Try it → Each line in the records below that has the word "middle" should be copied.

Source material →
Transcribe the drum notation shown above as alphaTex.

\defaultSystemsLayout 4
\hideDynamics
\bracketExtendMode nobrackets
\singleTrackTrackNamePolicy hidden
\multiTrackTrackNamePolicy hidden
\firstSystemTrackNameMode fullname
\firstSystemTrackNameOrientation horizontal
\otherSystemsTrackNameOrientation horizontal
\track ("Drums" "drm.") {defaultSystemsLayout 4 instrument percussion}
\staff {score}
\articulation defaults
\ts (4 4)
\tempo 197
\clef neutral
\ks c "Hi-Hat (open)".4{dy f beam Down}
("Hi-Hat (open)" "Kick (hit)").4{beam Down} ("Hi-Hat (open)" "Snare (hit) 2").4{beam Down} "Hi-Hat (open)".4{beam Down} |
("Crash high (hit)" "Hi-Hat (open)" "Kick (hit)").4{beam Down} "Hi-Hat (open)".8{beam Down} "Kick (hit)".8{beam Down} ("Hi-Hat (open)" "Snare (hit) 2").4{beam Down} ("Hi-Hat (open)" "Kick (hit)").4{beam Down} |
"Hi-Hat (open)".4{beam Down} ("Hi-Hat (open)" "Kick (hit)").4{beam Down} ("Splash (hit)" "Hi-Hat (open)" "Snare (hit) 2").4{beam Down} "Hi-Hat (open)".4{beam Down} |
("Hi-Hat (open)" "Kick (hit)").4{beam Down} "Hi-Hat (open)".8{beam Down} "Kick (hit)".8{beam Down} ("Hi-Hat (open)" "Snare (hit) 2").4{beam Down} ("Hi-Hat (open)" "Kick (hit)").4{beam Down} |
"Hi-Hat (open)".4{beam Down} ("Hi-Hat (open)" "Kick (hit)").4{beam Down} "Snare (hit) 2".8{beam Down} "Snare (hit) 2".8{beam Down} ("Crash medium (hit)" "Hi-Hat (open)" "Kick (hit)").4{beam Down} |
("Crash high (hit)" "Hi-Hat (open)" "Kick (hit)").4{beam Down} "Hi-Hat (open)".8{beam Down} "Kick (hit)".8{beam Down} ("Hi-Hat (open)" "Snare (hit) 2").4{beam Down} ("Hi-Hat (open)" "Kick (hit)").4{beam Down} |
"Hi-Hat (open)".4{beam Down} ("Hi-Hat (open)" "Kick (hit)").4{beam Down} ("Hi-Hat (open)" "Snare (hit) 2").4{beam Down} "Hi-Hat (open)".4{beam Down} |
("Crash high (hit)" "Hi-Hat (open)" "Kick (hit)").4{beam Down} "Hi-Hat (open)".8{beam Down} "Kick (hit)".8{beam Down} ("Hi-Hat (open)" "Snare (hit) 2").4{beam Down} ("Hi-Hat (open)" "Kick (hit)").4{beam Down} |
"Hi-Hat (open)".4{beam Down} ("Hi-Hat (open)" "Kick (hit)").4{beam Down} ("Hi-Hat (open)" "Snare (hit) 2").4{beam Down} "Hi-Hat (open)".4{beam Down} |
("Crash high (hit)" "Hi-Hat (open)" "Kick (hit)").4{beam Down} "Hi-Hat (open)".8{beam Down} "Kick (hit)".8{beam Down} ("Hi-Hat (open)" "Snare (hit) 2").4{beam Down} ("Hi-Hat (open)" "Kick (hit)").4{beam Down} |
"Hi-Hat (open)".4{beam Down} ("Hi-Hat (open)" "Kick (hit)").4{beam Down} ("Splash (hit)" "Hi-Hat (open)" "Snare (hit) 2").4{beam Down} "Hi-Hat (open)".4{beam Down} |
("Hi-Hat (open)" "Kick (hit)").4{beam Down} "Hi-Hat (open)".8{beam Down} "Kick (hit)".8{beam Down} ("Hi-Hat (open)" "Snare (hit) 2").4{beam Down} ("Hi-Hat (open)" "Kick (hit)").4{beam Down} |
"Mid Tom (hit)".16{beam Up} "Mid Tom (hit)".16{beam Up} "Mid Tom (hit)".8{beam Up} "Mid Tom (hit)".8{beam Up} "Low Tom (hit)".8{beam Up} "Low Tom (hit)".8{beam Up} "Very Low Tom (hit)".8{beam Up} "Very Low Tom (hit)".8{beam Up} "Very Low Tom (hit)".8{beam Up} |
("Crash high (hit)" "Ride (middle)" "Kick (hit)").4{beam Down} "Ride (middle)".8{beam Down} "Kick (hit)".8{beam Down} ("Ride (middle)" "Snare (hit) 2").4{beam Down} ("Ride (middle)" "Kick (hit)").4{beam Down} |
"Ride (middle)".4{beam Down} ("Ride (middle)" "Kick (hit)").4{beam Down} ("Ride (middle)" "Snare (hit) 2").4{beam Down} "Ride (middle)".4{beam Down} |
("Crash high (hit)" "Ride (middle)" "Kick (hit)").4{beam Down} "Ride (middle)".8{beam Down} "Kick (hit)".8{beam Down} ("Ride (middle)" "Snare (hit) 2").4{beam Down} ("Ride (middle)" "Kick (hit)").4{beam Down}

Task answer →
("Crash high (hit)" "Ride (middle)" "Kick (hit)").4{beam Down} "Ride (middle)".8{beam Down} "Kick (hit)".8{beam Down} ("Ride (middle)" "Snare (hit) 2").4{beam Down} ("Ride (middle)" "Kick (hit)").4{beam Down} |
"Ride (middle)".4{beam Down} ("Ride (middle)" "Kick (hit)").4{beam Down} ("Ride (middle)" "Snare (hit) 2").4{beam Down} "Ride (middle)".4{beam Down} |
("Crash high (hit)" "Ride (middle)" "Kick (hit)").4{beam Down} "Ride (middle)".8{beam Down} "Kick (hit)".8{beam Down} ("Ride (middle)" "Snare (hit) 2").4{beam Down} ("Ride (middle)" "Kick (hit)").4{beam Down}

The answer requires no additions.